There are two forms of the disease, a heritable form and non-heritable form.
In children with the heritable genetic form of retinoblastoma there is a mutation on chromosome 13, called the RB1 gene.
Survivors of the heritable form of retinoblastoma subsequently develop second primary Osteo-sarcomas at substantially greater frequency than either the general population or survivors of non-heritable retinoblastoma.
The same gene (called the RB gene) that is abnormal in many children with a rare type of eye cancer called retinoblastoma may also be associated with Osteo-sarcoma. RB is a tumor suppressor gene that normally controls the growth of cells.

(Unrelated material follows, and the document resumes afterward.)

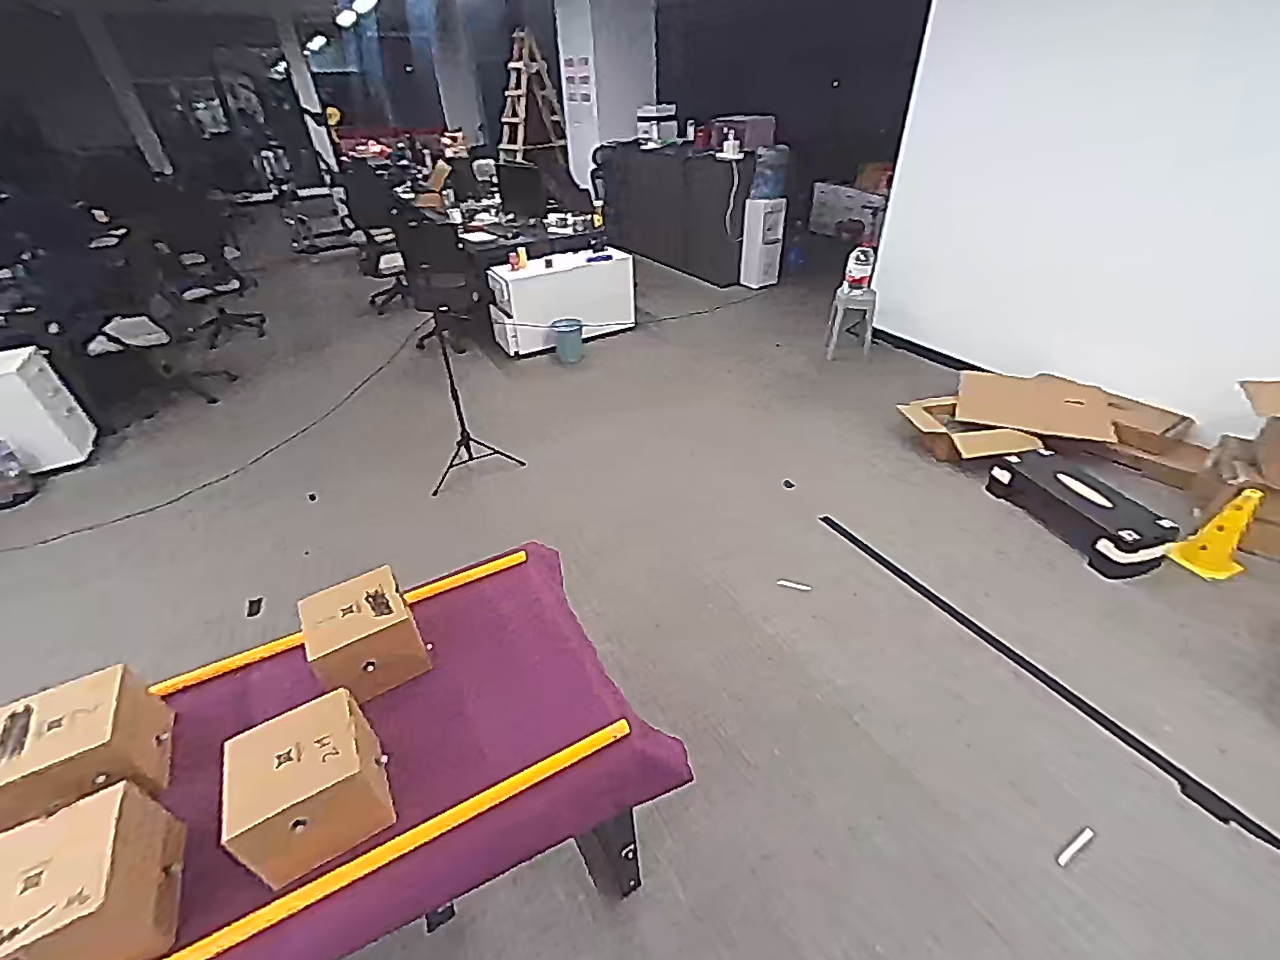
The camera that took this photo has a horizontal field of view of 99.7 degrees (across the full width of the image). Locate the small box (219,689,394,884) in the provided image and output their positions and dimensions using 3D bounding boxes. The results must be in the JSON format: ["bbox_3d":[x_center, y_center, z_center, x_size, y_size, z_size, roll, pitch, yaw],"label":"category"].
[{"bbox_3d":[-0.509,0.474,0.840,0.179,0.176,0.168,-21,39,-24],"label":"small box"}]

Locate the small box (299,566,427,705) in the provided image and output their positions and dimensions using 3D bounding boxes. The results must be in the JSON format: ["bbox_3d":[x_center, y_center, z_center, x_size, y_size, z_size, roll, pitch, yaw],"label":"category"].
[{"bbox_3d":[-0.538,0.309,1.067,0.179,0.176,0.168,-23,42,-24],"label":"small box"}]

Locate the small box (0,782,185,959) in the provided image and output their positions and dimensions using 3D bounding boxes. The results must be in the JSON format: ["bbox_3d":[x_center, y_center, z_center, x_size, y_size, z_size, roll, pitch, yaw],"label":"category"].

Q-10. A 30-year old lady delivered a healthy baby at 37 week of gestation. She was a known case of chronic hepatitis B infection. She was positive for HBsAg but negative for HBeAg. Which of the following is the most appropriate treatment for the baby?
a) Both active and passive immunizations soon after birth
b) Passive immunization soon after birth and active immunization at 1 year of age
c) Only passive immunization soon after birth
d) Only active immunization soon after birth
Answer: Both active and passive immunizations soon after birth
Explanation:
Infants born to HBsAg-positive mothers should receive HBIG (0.5 mL) intramuscularly (IM) once they are physiologically stable, preferably within 12 hours after birth.
HB vaccine should be administered IM in three doses of 0.5 mL each. The first dose should be given concurrently with HBIG but at a different site.
If vaccine is not immediately available, the first dose can be given within 7 days after birth. The second and third doses should be given 1 month and 6 months after the first.